◆ **WHAT TO DO**
Could you print every record below exactly as it appears?

◆ **DATA RECORDS**
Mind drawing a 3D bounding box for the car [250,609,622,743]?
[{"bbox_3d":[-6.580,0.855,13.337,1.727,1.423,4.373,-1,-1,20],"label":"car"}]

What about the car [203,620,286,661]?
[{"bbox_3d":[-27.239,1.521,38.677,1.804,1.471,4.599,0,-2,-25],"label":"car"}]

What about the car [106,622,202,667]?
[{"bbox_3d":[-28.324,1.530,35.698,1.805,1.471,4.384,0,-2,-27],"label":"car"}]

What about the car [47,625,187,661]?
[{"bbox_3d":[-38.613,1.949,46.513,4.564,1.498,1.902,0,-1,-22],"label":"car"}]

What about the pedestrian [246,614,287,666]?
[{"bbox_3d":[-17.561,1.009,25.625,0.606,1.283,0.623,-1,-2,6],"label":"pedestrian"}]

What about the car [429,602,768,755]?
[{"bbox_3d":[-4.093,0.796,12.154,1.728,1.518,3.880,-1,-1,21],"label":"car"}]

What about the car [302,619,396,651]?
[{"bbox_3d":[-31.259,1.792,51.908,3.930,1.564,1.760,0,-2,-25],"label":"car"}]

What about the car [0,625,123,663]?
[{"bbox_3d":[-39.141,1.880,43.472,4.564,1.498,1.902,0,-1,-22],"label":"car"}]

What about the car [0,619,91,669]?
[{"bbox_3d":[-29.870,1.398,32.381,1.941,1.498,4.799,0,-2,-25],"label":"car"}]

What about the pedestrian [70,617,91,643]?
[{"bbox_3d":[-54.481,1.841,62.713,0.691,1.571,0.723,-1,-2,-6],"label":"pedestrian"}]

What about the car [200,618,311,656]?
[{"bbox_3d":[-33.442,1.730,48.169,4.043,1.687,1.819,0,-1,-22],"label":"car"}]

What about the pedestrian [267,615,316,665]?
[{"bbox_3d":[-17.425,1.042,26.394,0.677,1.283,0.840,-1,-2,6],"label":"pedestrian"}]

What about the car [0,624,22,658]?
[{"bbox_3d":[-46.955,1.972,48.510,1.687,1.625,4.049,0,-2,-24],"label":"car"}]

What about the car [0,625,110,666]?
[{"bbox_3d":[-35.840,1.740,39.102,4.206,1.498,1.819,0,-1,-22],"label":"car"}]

◆ **REPLY**
Mind drawing a 3D bounding box for the car [250,609,622,743]?
[{"bbox_3d":[-6.580,0.855,13.337,1.727,1.423,4.373,-1,-1,20],"label":"car"}]

What about the car [203,620,286,661]?
[{"bbox_3d":[-27.239,1.521,38.677,1.804,1.471,4.599,0,-2,-25],"label":"car"}]

What about the car [106,622,202,667]?
[{"bbox_3d":[-28.324,1.530,35.698,1.805,1.471,4.384,0,-2,-27],"label":"car"}]

What about the car [47,625,187,661]?
[{"bbox_3d":[-38.613,1.949,46.513,4.564,1.498,1.902,0,-1,-22],"label":"car"}]

What about the pedestrian [246,614,287,666]?
[{"bbox_3d":[-17.561,1.009,25.625,0.606,1.283,0.623,-1,-2,6],"label":"pedestrian"}]

What about the car [429,602,768,755]?
[{"bbox_3d":[-4.093,0.796,12.154,1.728,1.518,3.880,-1,-1,21],"label":"car"}]

What about the car [302,619,396,651]?
[{"bbox_3d":[-31.259,1.792,51.908,3.930,1.564,1.760,0,-2,-25],"label":"car"}]

What about the car [0,625,123,663]?
[{"bbox_3d":[-39.141,1.880,43.472,4.564,1.498,1.902,0,-1,-22],"label":"car"}]

What about the car [0,619,91,669]?
[{"bbox_3d":[-29.870,1.398,32.381,1.941,1.498,4.799,0,-2,-25],"label":"car"}]

What about the pedestrian [70,617,91,643]?
[{"bbox_3d":[-54.481,1.841,62.713,0.691,1.571,0.723,-1,-2,-6],"label":"pedestrian"}]

What about the car [200,618,311,656]?
[{"bbox_3d":[-33.442,1.730,48.169,4.043,1.687,1.819,0,-1,-22],"label":"car"}]

What about the pedestrian [267,615,316,665]?
[{"bbox_3d":[-17.425,1.042,26.394,0.677,1.283,0.840,-1,-2,6],"label":"pedestrian"}]

What about the car [0,624,22,658]?
[{"bbox_3d":[-46.955,1.972,48.510,1.687,1.625,4.049,0,-2,-24],"label":"car"}]

What about the car [0,625,110,666]?
[{"bbox_3d":[-35.840,1.740,39.102,4.206,1.498,1.819,0,-1,-22],"label":"car"}]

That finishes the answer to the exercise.